Flush interval can be used to control the interval time in milliseconds between the buffers flush for the tool. However, if the buffers are full the flush will be called on its own. This can be used as in the next example:
rocprofv2 --flush-interval <TIME_INTERVAL_IN_MILLISECONDS> <rest_of_rocprofv2_arguments> <app_relative_path>
Trace period can be used to control when the profiling or tracing is enabled using two arguments, the first one is the delay time, which is the time spent idle without tracing or profiling. The second argument is the profiling or the tracing time, which is the active time where the profiling and tracing are working, so basically, the session will work in the following timeline:
<DELAY_TIME> => <PROFILING_OR_TRACING_SESSION_START> => <ACTIVE_PROFILING_OR_TRACING_TIME> => <PROFILING_OR_TRACING_SESSION_STOP>
This feature can be used using the following command:
rocprofv2 --trace-period <delay>:<active_time>:<interval> <rest_of_rocprofv2_arguments> <app_relative_path>
A device profiling session allows the user to profile the GPU device for counters irrespective of the running applications on the GPU. This is different from application profiling. device profiling session doesn't care about the host running processes and threads. It directly provides low level profiling information.
A session is a unique identifier for a profiling/tracing/pc-sampling task. A ROCProfilerV2 Session has enough information about what needs to be collected or traced and it allows the user to start/stop profiling/tracing whenever required. More details on the API can be found in the API specification documentation that can be installed using rocprofiler-doc package. Samples also can be found for how to use the API in samples directory.
We make use of the GoogleTest (Gtest) framework to automatically find and add test cases to the CMAKE testing environment. ROCProfilerV2 testing is categorized as following:
unittests (Gtest Based) : These includes tests for core classes. Any newly added functionality should have a unit test written to it.
featuretests (standalone and Gtest Based): These includes both API tests and tool tests.
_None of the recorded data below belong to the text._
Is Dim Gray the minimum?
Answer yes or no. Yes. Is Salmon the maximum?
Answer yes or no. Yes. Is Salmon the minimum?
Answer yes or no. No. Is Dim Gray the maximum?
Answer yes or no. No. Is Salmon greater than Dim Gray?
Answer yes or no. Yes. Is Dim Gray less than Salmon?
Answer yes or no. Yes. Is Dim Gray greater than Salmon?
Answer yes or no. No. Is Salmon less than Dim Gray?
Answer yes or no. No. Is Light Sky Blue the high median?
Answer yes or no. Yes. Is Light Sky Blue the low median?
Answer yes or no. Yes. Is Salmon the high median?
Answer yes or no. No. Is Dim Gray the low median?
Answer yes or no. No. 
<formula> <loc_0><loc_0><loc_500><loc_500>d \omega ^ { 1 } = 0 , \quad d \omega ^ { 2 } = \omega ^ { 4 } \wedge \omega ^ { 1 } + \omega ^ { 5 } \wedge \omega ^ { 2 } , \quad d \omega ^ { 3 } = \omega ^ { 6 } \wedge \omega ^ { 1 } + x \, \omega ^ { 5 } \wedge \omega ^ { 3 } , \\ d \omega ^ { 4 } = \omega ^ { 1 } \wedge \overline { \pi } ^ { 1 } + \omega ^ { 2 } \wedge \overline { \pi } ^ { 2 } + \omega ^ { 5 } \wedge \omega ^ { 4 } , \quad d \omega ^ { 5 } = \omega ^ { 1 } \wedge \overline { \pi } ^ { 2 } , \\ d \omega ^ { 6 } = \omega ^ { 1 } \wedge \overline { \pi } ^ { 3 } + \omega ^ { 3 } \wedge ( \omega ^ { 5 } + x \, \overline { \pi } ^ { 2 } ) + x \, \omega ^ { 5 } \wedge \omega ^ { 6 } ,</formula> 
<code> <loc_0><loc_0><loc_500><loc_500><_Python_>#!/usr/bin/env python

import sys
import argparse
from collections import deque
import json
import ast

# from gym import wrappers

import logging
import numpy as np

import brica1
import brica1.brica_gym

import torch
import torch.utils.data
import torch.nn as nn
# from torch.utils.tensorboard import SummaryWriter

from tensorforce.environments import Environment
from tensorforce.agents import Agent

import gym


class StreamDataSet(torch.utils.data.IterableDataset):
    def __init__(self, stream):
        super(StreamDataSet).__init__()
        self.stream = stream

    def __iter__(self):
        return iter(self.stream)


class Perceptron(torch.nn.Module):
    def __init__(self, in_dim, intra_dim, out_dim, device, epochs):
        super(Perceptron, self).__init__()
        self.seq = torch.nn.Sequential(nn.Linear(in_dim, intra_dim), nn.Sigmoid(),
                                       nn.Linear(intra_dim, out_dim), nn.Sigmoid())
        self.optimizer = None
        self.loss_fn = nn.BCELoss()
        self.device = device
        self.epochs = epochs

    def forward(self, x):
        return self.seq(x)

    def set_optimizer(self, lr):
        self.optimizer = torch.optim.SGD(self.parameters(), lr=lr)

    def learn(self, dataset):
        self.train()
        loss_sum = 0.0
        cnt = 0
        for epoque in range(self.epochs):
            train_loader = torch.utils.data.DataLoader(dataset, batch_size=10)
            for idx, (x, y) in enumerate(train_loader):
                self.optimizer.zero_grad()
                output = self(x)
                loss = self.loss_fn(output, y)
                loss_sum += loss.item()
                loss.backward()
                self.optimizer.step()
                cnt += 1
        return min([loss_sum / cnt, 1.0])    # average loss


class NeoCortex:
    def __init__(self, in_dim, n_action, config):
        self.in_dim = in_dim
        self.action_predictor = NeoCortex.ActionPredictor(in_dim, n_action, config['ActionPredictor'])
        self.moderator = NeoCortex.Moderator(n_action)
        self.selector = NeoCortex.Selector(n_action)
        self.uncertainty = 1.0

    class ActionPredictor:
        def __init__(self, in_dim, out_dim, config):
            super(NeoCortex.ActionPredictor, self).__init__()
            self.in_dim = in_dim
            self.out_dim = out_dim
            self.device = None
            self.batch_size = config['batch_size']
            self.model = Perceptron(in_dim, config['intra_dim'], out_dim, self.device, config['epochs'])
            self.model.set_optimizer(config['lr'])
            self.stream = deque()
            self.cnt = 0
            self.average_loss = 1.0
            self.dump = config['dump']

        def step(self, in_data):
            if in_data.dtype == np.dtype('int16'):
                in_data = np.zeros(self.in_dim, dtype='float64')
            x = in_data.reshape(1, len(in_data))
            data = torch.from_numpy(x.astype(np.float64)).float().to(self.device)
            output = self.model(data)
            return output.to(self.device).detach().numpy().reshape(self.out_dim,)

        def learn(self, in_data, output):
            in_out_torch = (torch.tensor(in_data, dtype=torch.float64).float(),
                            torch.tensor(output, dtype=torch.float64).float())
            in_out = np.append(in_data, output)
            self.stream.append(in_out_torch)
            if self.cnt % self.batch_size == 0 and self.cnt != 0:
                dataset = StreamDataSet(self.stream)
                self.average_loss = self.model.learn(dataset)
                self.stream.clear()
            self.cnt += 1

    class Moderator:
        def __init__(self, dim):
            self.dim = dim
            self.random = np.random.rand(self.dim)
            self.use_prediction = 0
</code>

Tool is tested against different applications to make sure we have right output in evry run.
memorytests (standalone): This includes running address sanitizer for memory leaks, corruptions.
installation: rocprofiler-tests_9.0.0-local_amd64.deb rocprofiler-tests-9.0.0-local.x86_64.rpm
./build/tests/unittests/runUnitTests
./build/tests/featuretests/profiler/runFeatureTests
./build/tests/featuretests/tracer/runTracerFeatureTests
rocprofv2 -t
OR
ctest
To enable error messages logging to '/tmp/rocprofiler_log.txt':
export ROCPROFILER_LOG=1
By default kernel names are not truncated. To enable truncation for readability:
export ROCPROFILER_TRUNCATE_KERNEL_PATH=1
We make use of doxygen to automatically generate API documentation. Generated document can be found in the following path:
ROCM_PATH by default is /opt/rocm It can be set by the user in different location if needed.